I'm trying to set up the ACLs for HBase now that we have enabled secure authentication. I'm using the HBase shell, but I don't have permissions to grant anything:
ERROR: org.apache.hadoop.hbase.security.AccessDeniedException: Insufficient permissions (user=<redacted>, scope=GLOBAL, action=ADMIN)
I have added my user name to the "HBase Superuser" setting under configuration and re-deployed the service, but the error persists.
Thank you for confirming the details,
Does the subject part of your klist output match the added username in the HBase Superusers configuration precisely?
If your user is in a different realm than the cluster services, is the realm name present as part of HDFS -> Configuration -> 'Trusted Realms'?
Are all commands done as the superuser failing? What HBase shell command/operation specifically is leading to your quoted error?

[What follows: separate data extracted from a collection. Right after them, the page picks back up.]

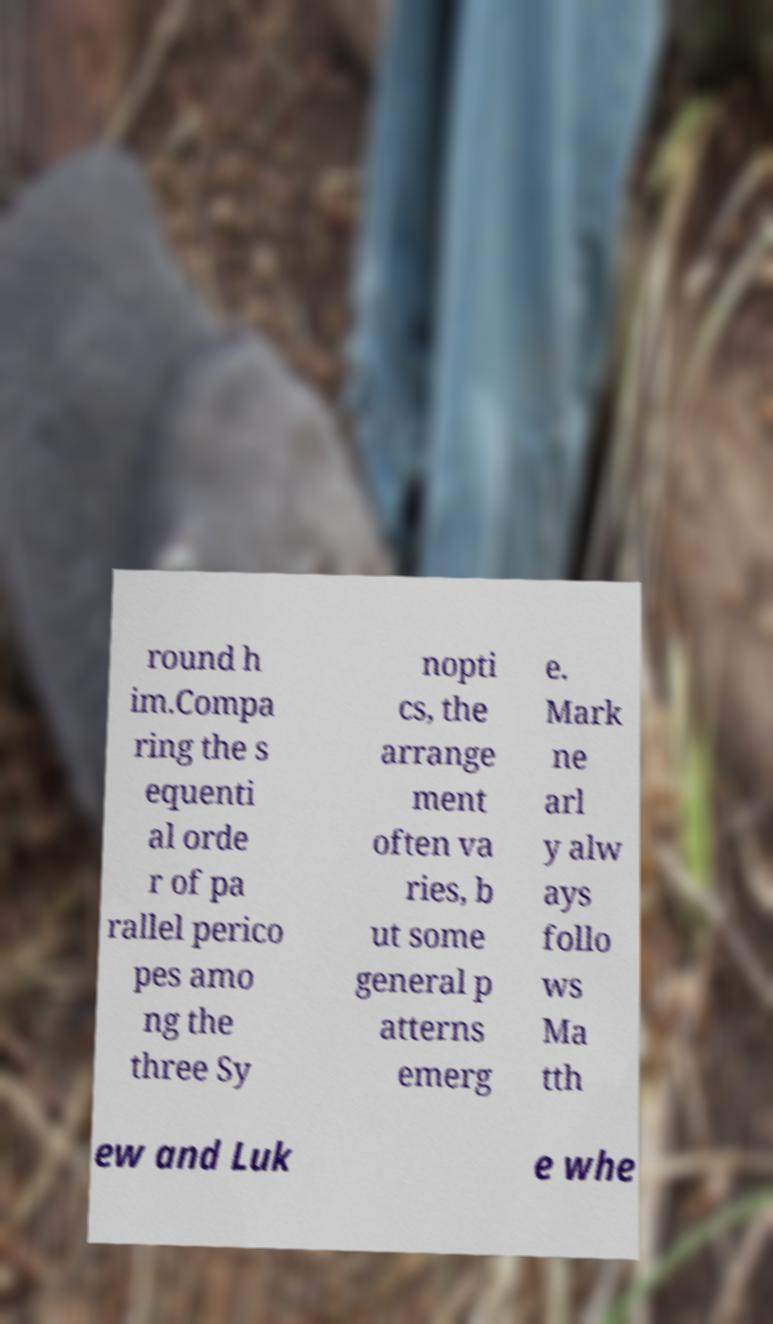What messages or text are displayed in this image? I need them in a readable, typed format. round h im.Compa ring the s equenti al orde r of pa rallel perico pes amo ng the three Sy nopti cs, the arrange ment often va ries, b ut some general p atterns emerg e. Mark ne arl y alw ays follo ws Ma tth ew and Luk e whe 
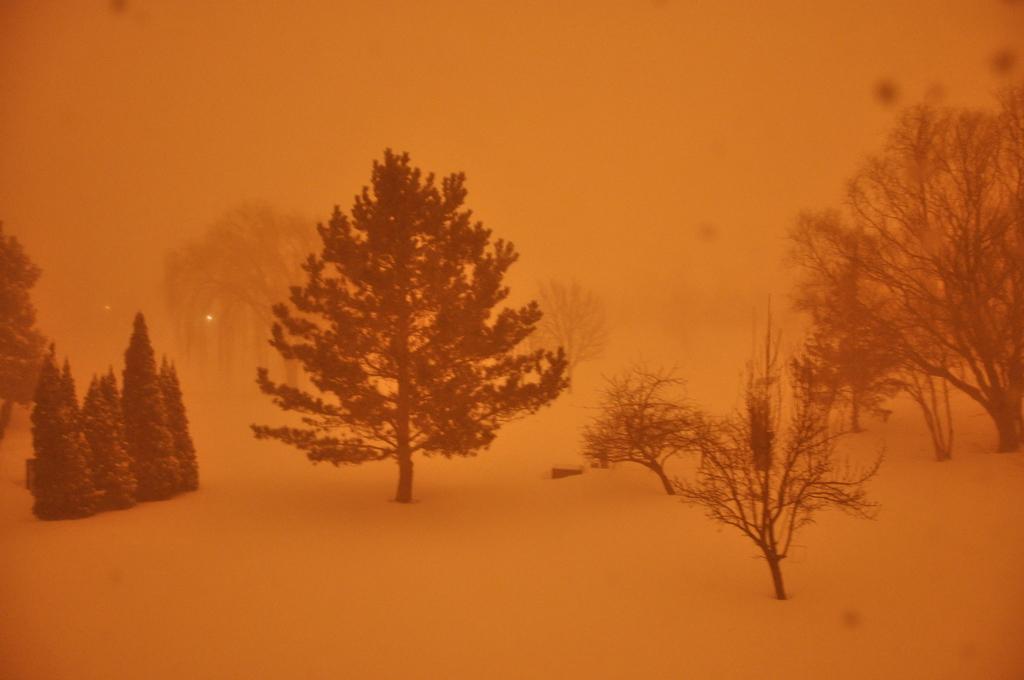Can you describe this image briefly? In this picture we can see trees and in the background we can see the fog. 
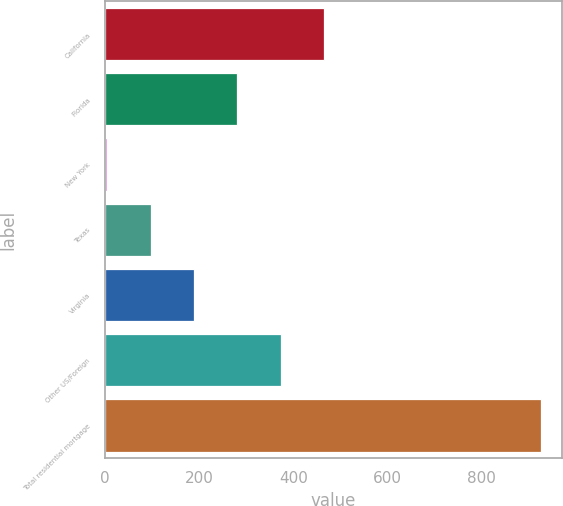<chart> <loc_0><loc_0><loc_500><loc_500><bar_chart><fcel>California<fcel>Florida<fcel>New York<fcel>Texas<fcel>Virginia<fcel>Other US/Foreign<fcel>Total residential mortgage<nl><fcel>465<fcel>281<fcel>5<fcel>97<fcel>189<fcel>373<fcel>925<nl></chart> 
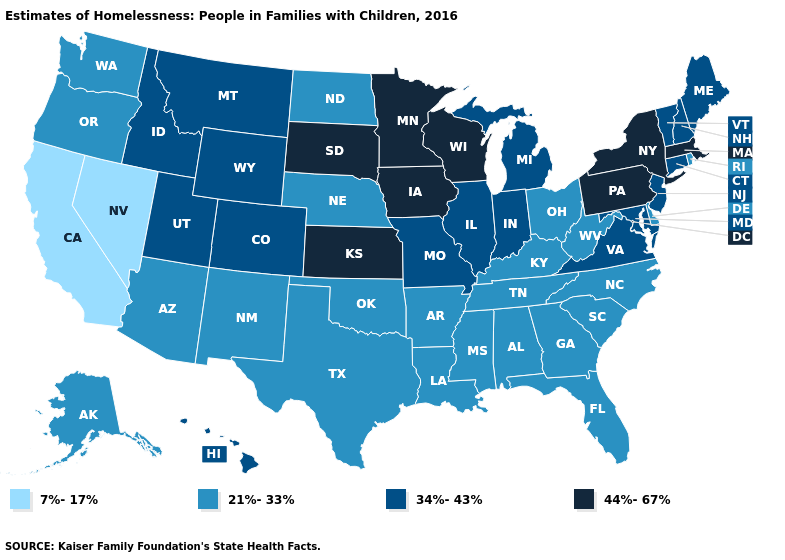Name the states that have a value in the range 7%-17%?
Short answer required. California, Nevada. What is the lowest value in the South?
Answer briefly. 21%-33%. What is the value of Indiana?
Quick response, please. 34%-43%. What is the highest value in states that border Georgia?
Quick response, please. 21%-33%. Does Pennsylvania have a higher value than Minnesota?
Keep it brief. No. What is the value of New Hampshire?
Quick response, please. 34%-43%. Does Wisconsin have the highest value in the USA?
Quick response, please. Yes. What is the value of Michigan?
Be succinct. 34%-43%. What is the value of New York?
Keep it brief. 44%-67%. Does Wisconsin have the same value as Kansas?
Quick response, please. Yes. Does Maryland have the highest value in the South?
Be succinct. Yes. Which states have the lowest value in the USA?
Give a very brief answer. California, Nevada. Among the states that border New Hampshire , does Massachusetts have the lowest value?
Short answer required. No. What is the lowest value in the USA?
Answer briefly. 7%-17%. 
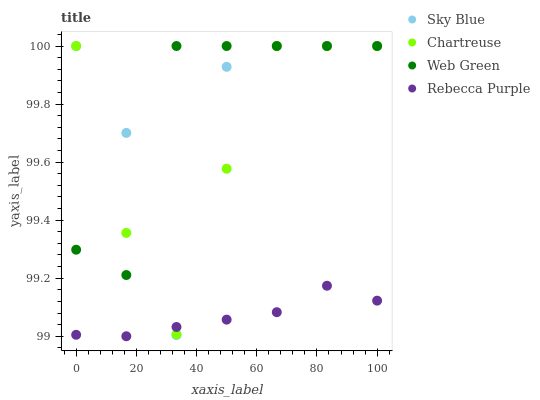Does Rebecca Purple have the minimum area under the curve?
Answer yes or no. Yes. Does Web Green have the maximum area under the curve?
Answer yes or no. Yes. Does Chartreuse have the minimum area under the curve?
Answer yes or no. No. Does Chartreuse have the maximum area under the curve?
Answer yes or no. No. Is Rebecca Purple the smoothest?
Answer yes or no. Yes. Is Sky Blue the roughest?
Answer yes or no. Yes. Is Chartreuse the smoothest?
Answer yes or no. No. Is Chartreuse the roughest?
Answer yes or no. No. Does Rebecca Purple have the lowest value?
Answer yes or no. Yes. Does Chartreuse have the lowest value?
Answer yes or no. No. Does Web Green have the highest value?
Answer yes or no. Yes. Does Rebecca Purple have the highest value?
Answer yes or no. No. Is Rebecca Purple less than Web Green?
Answer yes or no. Yes. Is Web Green greater than Rebecca Purple?
Answer yes or no. Yes. Does Rebecca Purple intersect Chartreuse?
Answer yes or no. Yes. Is Rebecca Purple less than Chartreuse?
Answer yes or no. No. Is Rebecca Purple greater than Chartreuse?
Answer yes or no. No. Does Rebecca Purple intersect Web Green?
Answer yes or no. No. 
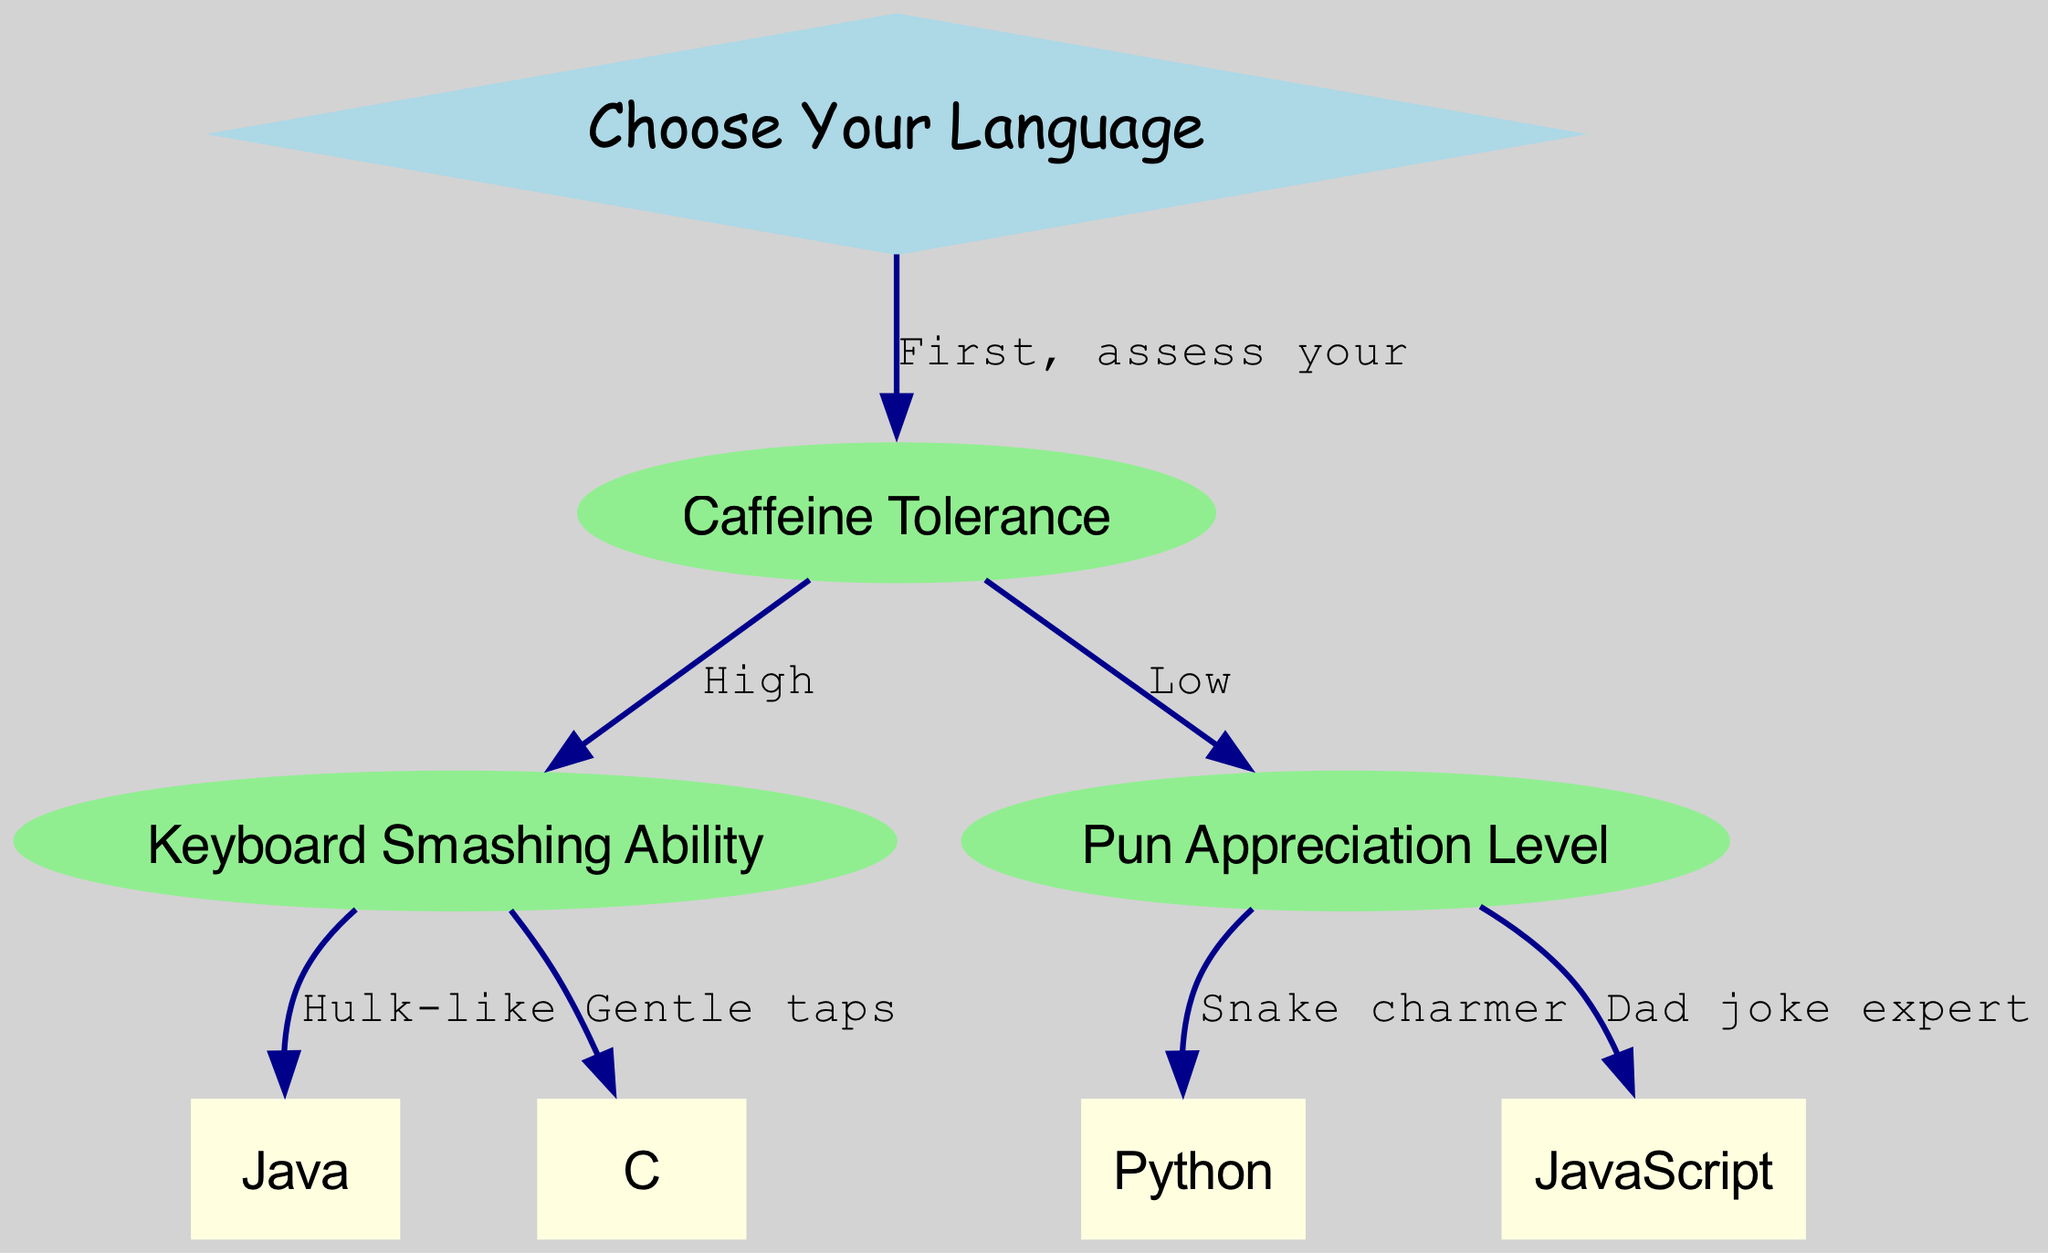What is the first step to choosing a programming language? The first step is assessing your caffeine tolerance, as indicated by the edge that leads from the "Choose Your Language" node to the "Caffeine Tolerance" node.
Answer: Assess your caffeine tolerance How many programming languages are recommended in this decision tree? There are four programming languages listed as final choices: Python, Java, JavaScript, and C, making a total of four languages.
Answer: Four If caffeine tolerance is low, which programming language should be chosen if one appreciates puns? If caffeine tolerance is low, the flow leads to the "Pun Appreciation Level" node, and if one is a snake charmer, the recommended language is Python.
Answer: Python What is the outcome if a person exhibits Hulk-like keyboard smashing ability? With Hulk-like keyboard smashing ability and high caffeine tolerance, the flow directs to Java as the outcome.
Answer: Java What does a dad joke expert recommend? A dad joke expert leads to the choice of JavaScript. This conclusion is reached by following the edge from the "Pun Appreciation Level" node to JavaScript.
Answer: JavaScript How many edges are present in the diagram? Counting the connections, there are a total of six edges connecting the nodes in the graph.
Answer: Six What node represents the assessment of keyboard smashing ability? The node for keyboard smashing ability is labeled "Keyboard Smashing Ability," which is found following the caffeine tolerance assessment.
Answer: Keyboard Smashing Ability If someone has a high caffeine tolerance but gentle taps while typing, which language should they choose? High caffeine tolerance leads to the keyboard assessment. With gentle taps indicated in that assessment, the flow directs them to C.
Answer: C

As to adding groups, it can be done in the same field, except you need to add an '@' prefix to the name. For ex. if your group is cluster_administrators, then add it in as '@cluster_administrators' in the HBase Superusers config. When using usernames, the @ must not be specified. Both approaches should work though.
P.s. If you'll be relying on groups, ensure all cluster hosts return consistent group lookup output for id <user> commands, as the authorization check is distributed across the cluster roles for HBase.